Configuration

The configuration of this project differentiates training and evaluation. Both are described by the training_config and evaluation_config in configs/base_config.

The training configuration contains the hyperparameters and the learning environment. Every converged agent is contained in the experiments.pkl which must be specified in the evaluation configuration.

Training Configuration

NAME:: Name of the experiment.
HYPERPARAMETERS:: Dictionary with the algorithm configuration.
ALGORITHM_NAME:: Name of the algorithm.
ENV_CONFIG:: Dictionary of the environment parameters.
TRAINING_ITERATIONS:: Number of training iterations.
LOCAL_DIR:: Dictionary to save the models and result files.
NUM_GPUS:: Number of GPU’s to use for training.
NUM_WORKERS:: Number of Rllib workers.
NUM_SAMPLES:: Number of configuration trials. Only relevant for hyperparameter optimization.
SEEDS:: List of seeds to train.
VERBOSE:: Log information level.
NUM_DISCRETIZATION_BINS:: Number of discretized actions or bins.
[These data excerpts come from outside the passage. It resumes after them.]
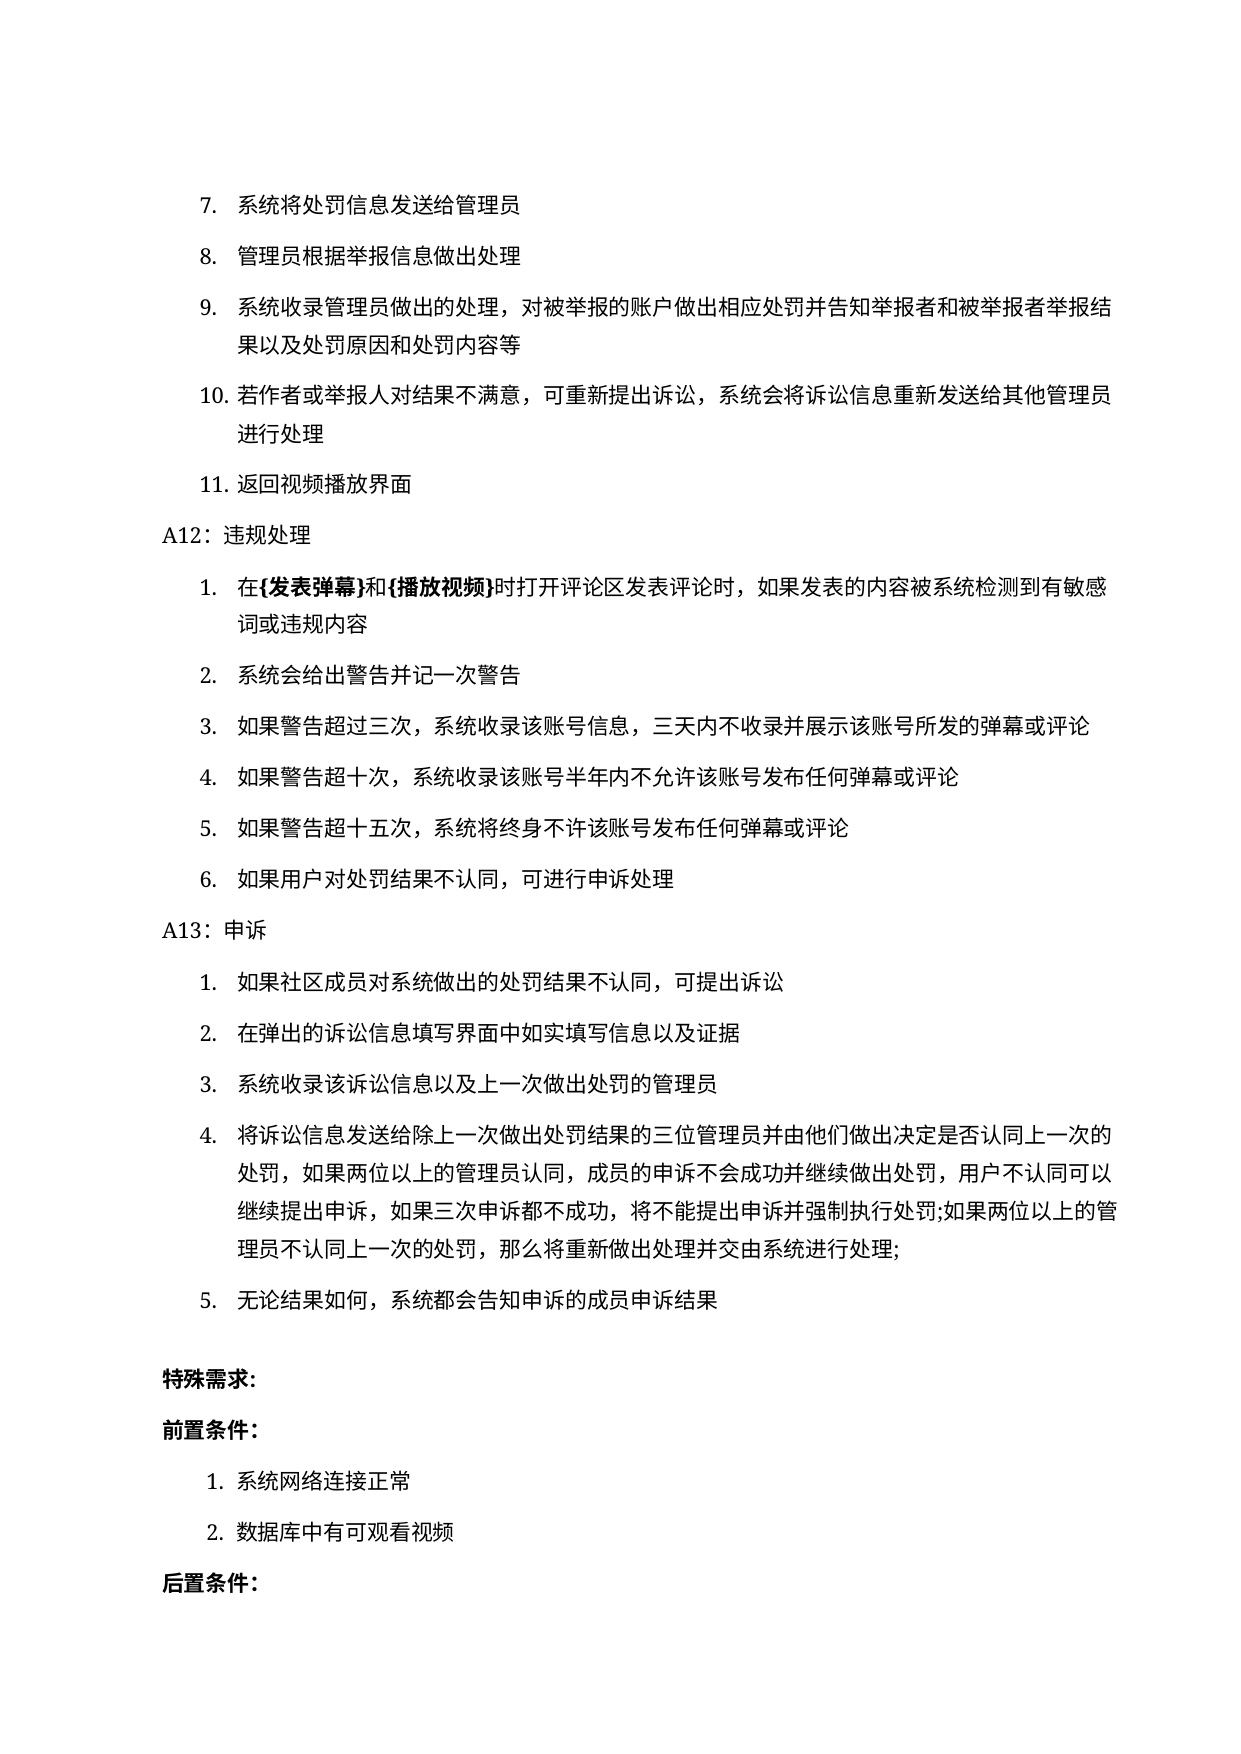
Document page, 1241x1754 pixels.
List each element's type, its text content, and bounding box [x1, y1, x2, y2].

list 如果警告超过三次，系统收录该账号信息，三天内不收录并展示该账号所发的弹幕或评论 [199, 709, 1122, 741]
text 特殊需求: [118, 1362, 1122, 1394]
list 数据库中有可观看视频 [162, 1515, 1122, 1547]
text 前置条件： [118, 1413, 1122, 1445]
list 系统网络连接正常 [162, 1464, 1122, 1496]
list 系统收录该诉讼信息以及上一次做出处罚的管理员 [199, 1067, 1122, 1098]
list 返回视频播放界面 [199, 467, 1122, 499]
list 如果社区成员对系统做出的处罚结果不认同，可提出诉讼 [199, 964, 1122, 996]
text 后置条件： [118, 1566, 1122, 1598]
list 如果用户对处罚结果不认同，可进行申诉处理 [199, 862, 1122, 894]
list 管理员根据举报信息做出处理 [199, 239, 1122, 270]
list 如果警告超十五次，系统将终身不许该账号发布任何弹幕或评论 [199, 811, 1122, 843]
list 如果警告超十次，系统收录该账号半年内不允许该账号发布任何弹幕或评论 [199, 760, 1122, 792]
list 无论结果如何，系统都会告知申诉的成员申诉结果 [199, 1283, 1122, 1314]
list 系统将处罚信息发送给管理员 [199, 188, 1122, 219]
list 系统会给出警告并记一次警告 [199, 658, 1122, 690]
list 在弹出的诉讼信息填写界面中如实填写信息以及证据 [199, 1016, 1122, 1047]
list 若作者或举报人对结果不满意，可重新提出诉讼，系统会将诉讼信息重新发送给其他管理员进行处理 [199, 378, 1122, 448]
list 在{发表弹幕}和{播放视频}时打开评论区发表评论时，如果发表的内容被系统检测到有敏感词或违规内容 [199, 569, 1122, 639]
text A13：申诉 [118, 913, 1122, 945]
list 系统收录管理员做出的处理，对被举报的账户做出相应处罚并告知举报者和被举报者举报结果以及处罚原因和处罚内容等 [199, 290, 1122, 359]
text A12：违规处理 [118, 518, 1122, 550]
list 将诉讼信息发送给除上一次做出处罚结果的三位管理员并由他们做出决定是否认同上一次的处罚，如果两位以上的管理员认同，成员的申诉不会成功并继续做出处罚，用户不认同可以继续提出申诉，如果三次申诉都不成功，将不能提出申诉并强制执行处罚;如果两位以上的管理员不认同上一次的处罚，那么将重新做出处理并交由系统进行处理; [199, 1118, 1122, 1263]
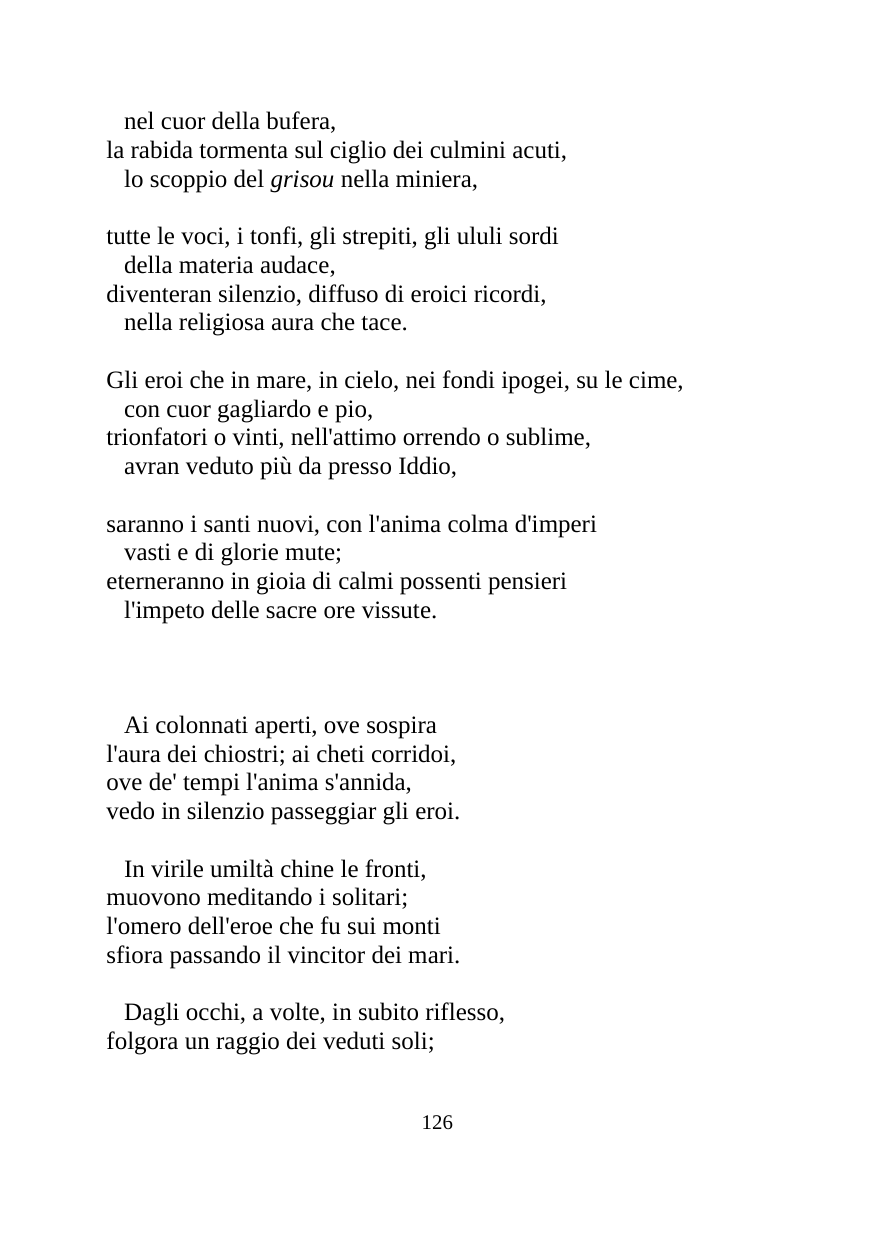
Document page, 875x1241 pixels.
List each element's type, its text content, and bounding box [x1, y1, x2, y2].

text vasti e di glorie mute; [106, 537, 768, 566]
text Dagli occhi, a volte, in subito riflesso, [106, 997, 768, 1026]
text l'omero dell'eroe che fu sui monti [106, 911, 768, 940]
text lo scoppio del grisou nella miniera, [106, 164, 768, 192]
text della materia audace, [106, 250, 768, 279]
text l'aura dei chiostri; ai cheti corridoi, [106, 739, 768, 767]
text ove de' tempi l'anima s'annida, [106, 767, 768, 796]
text avran veduto più da presso Iddio, [106, 451, 768, 480]
text saranno i santi nuovi, con l'anima colma d'imperi [106, 509, 768, 537]
text folgora un raggio dei veduti soli; [106, 1026, 768, 1055]
text sfiora passando il vincitor dei mari. [106, 940, 768, 969]
text la rabida tormenta sul ciglio dei culmini acuti, [106, 135, 768, 164]
text trionfatori o vinti, nell'attimo orrendo o sublime, [106, 422, 768, 451]
text nel cuor della bufera, [106, 106, 768, 135]
text Gli eroi che in mare, in cielo, nei fondi ipogei, su le cime, [106, 365, 768, 394]
text l'impeto delle sacre ore vissute. [106, 595, 768, 624]
text Ai colonnati aperti, ove sospira [106, 710, 768, 739]
text tutte le voci, i tonfi, gli strepiti, gli ululi sordi [106, 221, 768, 250]
text muovono meditando i solitari; [106, 882, 768, 911]
text con cuor gagliardo e pio, [106, 394, 768, 422]
text diventeran silenzio, diffuso di eroici ricordi, [106, 279, 768, 307]
text vedo in silenzio passeggiar gli eroi. [106, 796, 768, 825]
text eterneranno in gioia di calmi possenti pensieri [106, 566, 768, 595]
text In virile umiltà chine le fronti, [106, 854, 768, 882]
text nella religiosa aura che tace. [106, 307, 768, 336]
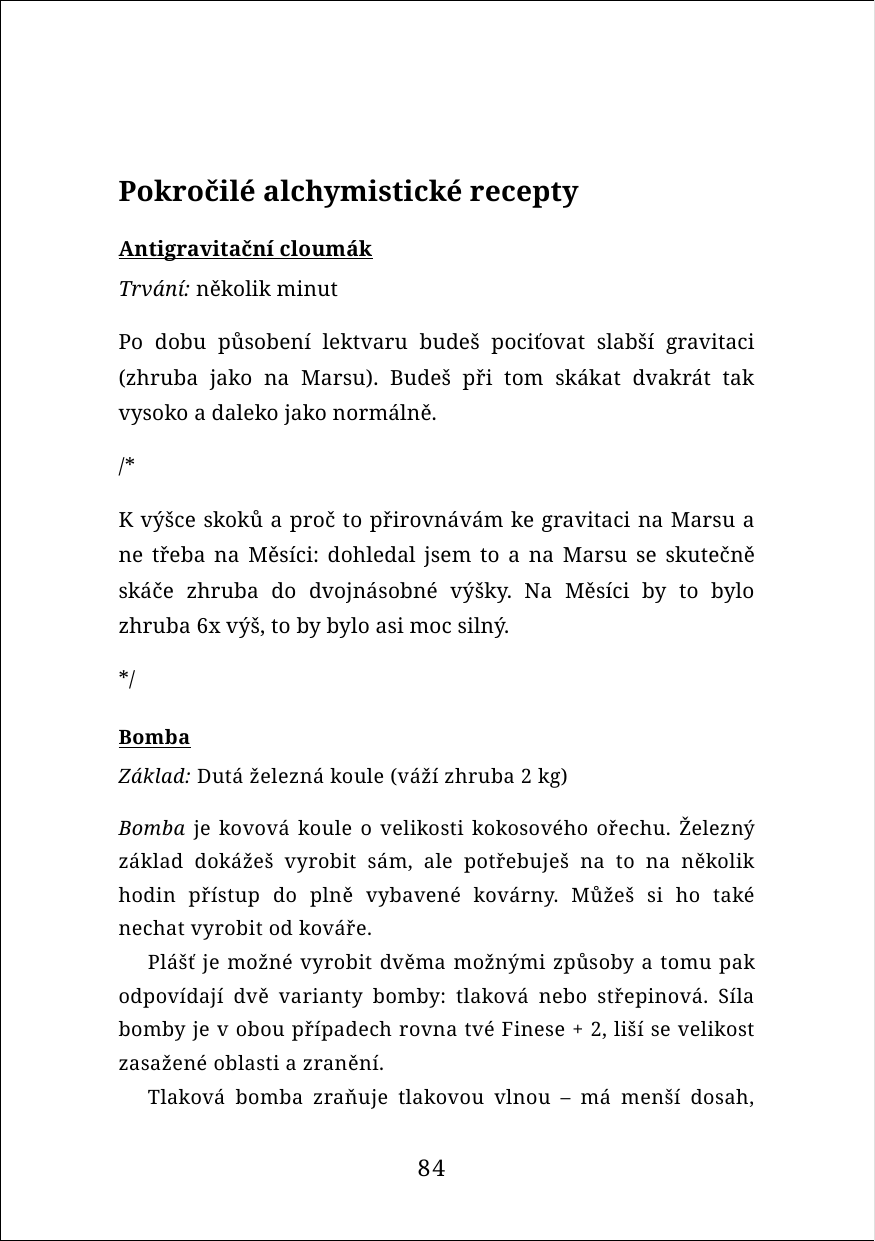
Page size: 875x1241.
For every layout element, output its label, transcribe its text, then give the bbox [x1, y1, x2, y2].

text Bomba je kovová koule o velikosti kokosového ořechu. Železný základ dokážeš vyrobit sám, ale potřebuješ na to na několik hodin přístup do plně vybavené kovárny. Můžeš si ho také nechat vyrobit od kováře. Plášť je možné vyrobit dvěma možnými způsoby a tomu pak odpovídají dvě varianty bomby: tlaková nebo střepinová. Síla bomby je v obou případech rovna tvé Finese + 2, liší se velikost zasažené oblasti a zranění. Tlaková bomba zraňuje tlakovou vlnou – má menší dosah, [118, 814, 756, 1110]
text */ [118, 664, 756, 693]
text K výšce skoků a proč to přirovnávám ke gravitaci na Marsu a ne třeba na Měsíci: dohledal jsem to a na Marsu se skutečně skáče zhruba do dvojnásobné výšky. Na Měsíci by to bylo zhruba 6x výš, to by bylo asi moc silný. [118, 505, 756, 640]
text Po dobu působení lektvaru budeš pociťovat slabší gravitaci (zhruba jako na Marsu). Budeš při tom skákat dvakrát tak vysoko a daleko jako normálně. [118, 327, 756, 427]
text Trvání: několik minut [118, 274, 756, 302]
text Základ: Dutá železná koule (váží zhruba 2 kg) [118, 762, 756, 789]
subtitle Antigravitační cloumák [118, 234, 756, 262]
subtitle Pokročilé alchymistické recepty [118, 172, 756, 210]
text /* [118, 451, 756, 480]
subtitle Bomba [118, 724, 756, 751]

Only relevant for PAM and the discretization wrapper.
HPO_RESULTS_PATH:: Path to store a dataframe with the results for each trial during the hyperparameter optimization.
TRAINING_RESULTS_PATH:: Path to store the final models.
CONFIGURATION_PATH:: Path to store a dictionary of the training configuration for reproducability.
EXPERIMENTS_PATH:: Path to store a summary of all trained models describing the location of the corresponding config and model.

Evaluation Configuration

ALGORITHM_NAME:: Name of the algorithm to evaluate. The agent will be looked up in a experiments file and the corresponding config and model loaded.
ENV_CONFIG:: Dictionary of the environment parameters.
SEEDS:: List of seeds to evaluate.
OBSTACLES:: List with the numbers of obstacles to evaluate.
EXPERIMENTS_PATH:: Path to an existing experiments file which contains the algorithm to evaluate.
EPISODE_RESULTS_PATH:: Path to store the results summarizing entire episodes.
STEP_DATA_PATH:: Path to store the results for describing every time step of each episode.
RECORD:: Path to store videos of the rollouts. None if videos should not be saved.